Space needs doctors, and a new joint MD-MS degree program between the University of Colorado School of Medicine and the Department of Aerospace Engineering Sciences at CU Boulder is aimed at giving medical students the skills they need to advance human spaceflight.  

“The aerospace field is growing massively, especially in Colorado,” says Allie Anderson, PhD, assistant professor of aerospace engineering at CU Boulder. “The demand is definitely outpacing the supply. There are other engineering programs out there that include bioastronautics, but this new joint program puts a particular emphasis on creating a physician who's equipped with a medical degree as well as engineering knowledge.”  

Anderson and Ben Easter, MD, designed the new MD-MS program together, based on Easter’s experiences as an assistant professor of emergency medicine. The new program will start accepting applications this fall and launches officially in fall 2023. 

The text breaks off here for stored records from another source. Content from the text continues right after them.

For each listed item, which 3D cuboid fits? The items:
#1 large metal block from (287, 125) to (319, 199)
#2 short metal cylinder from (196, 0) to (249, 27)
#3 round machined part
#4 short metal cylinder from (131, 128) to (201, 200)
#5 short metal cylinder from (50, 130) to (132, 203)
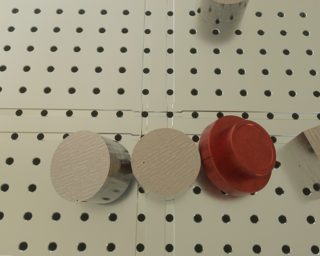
[{"bbox_3d":[0.224,0.034,0.388,0.080,0.050,0.080,-20,71,-7],"label":"large metal block"},{"bbox_3d":[0.097,-0.204,0.474,0.081,0.050,0.080,0,70,0],"label":"short metal cylinder"},{"bbox_3d":[0.099,0.029,0.371,0.099,0.042,0.098,13,62,-25],"label":"round machined part"},{"bbox_3d":[0.007,0.046,0.382,0.081,0.050,0.080,0,70,0],"label":"short metal cylinder"},{"bbox_3d":[-0.080,0.047,0.366,0.080,0.050,0.080,-7,73,22],"label":"short metal cylinder"}]

“To succeed in human spaceflight, you really need to understand both ends of the equation — to understand the engineering and the spacecraft system side, but also to understand humans and their interactions with those systems,” Easter says. “We've found that people traditionally have training on one side of that, but they don’t necessarily have expertise in both. This new joint degree program is focused on training students to understand and speak the language of medicine and of engineering.” 

Life on Mars

The new program has its roots in Medicine in Space and Surface Environments (MiSSE), a three-year-old course designed by Easter and his colleagues. Blending the expertise of CU emergency medicine physicians with the engineering minds of CU Boulder students, the three-week class takes students into the Utah desert each spring to practice their skills at the Mars Desert Research Station. In an environment where similarity to the surface of the Red Planet is surprisingly accurate, students must navigate rugged topography and rapid-fire event simulations, organize into teams, and solve cascading problems, all the while racing the clock to save injured and ill crewmates. 

“The idea is that you live as a crew in a remote environment that is analogous to Mars,” says Easter, who also is the deputy element scientist in NASA’s Exploration Medical Capability, part of the space agency’s Human Research Program. “You close the hatch, and then for the next two weeks, the only time you go outside is under the simulated conditions as if you were actually on the surface of Mars.” 

Read more about the MiSSE course.

MiSSE will be one of the courses in the new joint-degree program, a five-year curriculum that enhances the traditional four years of medical school with one additional year on the Boulder campus, where students will get a master's degree in aerospace engineering, with a focus in bioastronautics — the study and support of life in space. 

“They'll do the first few years in medical school, take a one-year break to go to Boulder and complete the aerospace engineering side, then come back to finish their medical education,” Easter says. “We also will support them doing electives at government agencies or commercial spaceflight companies.” 

Tech enabled 

Easter and Anderson recently received a CU Next Award — a grant that helps faculty members working on an intercampus collaboration to purchase technology that campus or department funding cannot cover. 

The award will help them to improve the technology and equipment at the desert research station and to create two new tech-focused courses around medicine and human spaceflight. One is a hands-on, graduate-level engineering project course that will task students with designing a simulated sick bay to bring to the space simulator in the Utah desert; the other is an elective for first-year medical students to introduce them to the challenges of medical care in extreme environments, including human spaceflight. 

“It will be about changes in physiology in extreme environments, and understanding how to provide medical care in an operational setting,” Easter says. “It also will teach the students a lot about their interactions with technology as clinicians, and how that interacts with telemedicine. If you're a clinician who's caring for patients millions of miles away, that's a very different experience of providing care than it is at the bedside.” 

One of a kind 

As human spaceflight becomes more complex and far-reaching, astronauts will need training to care for more complex medical conditions in a more autonomous fashion. Right now, the close proximity of the International Space Station allows for real-time communications with the ground, quick resupply of medicine and medical supplies, and timely medical evacuation, if needed. But once a spacecraft launches for Mars, that all changes. 

“On a Mars mission, there’s a 44-minute communication delay, you can't resupply whenever you want to, and it's going to take six to nine months to get there and come home,” Easter says. “And oh, by the way, you can't come home whenever you want. You have to wait for the planets to line up. That's a very different set of challenges where we clearly need enhanced medical training and need to support the astronauts making medical decisions and executing procedures in a progressively Earth-independent manner.” 

That makes the timing perfect to launch a degree program unlike any that has existed before. 

“To our knowledge, there is no other program anywhere in the country that's a joint medical and aerospace engineering degree with a focus on human spaceflight,” Easter says. “We're really looking for students who have a love of spaceflight and really want to work in this field.”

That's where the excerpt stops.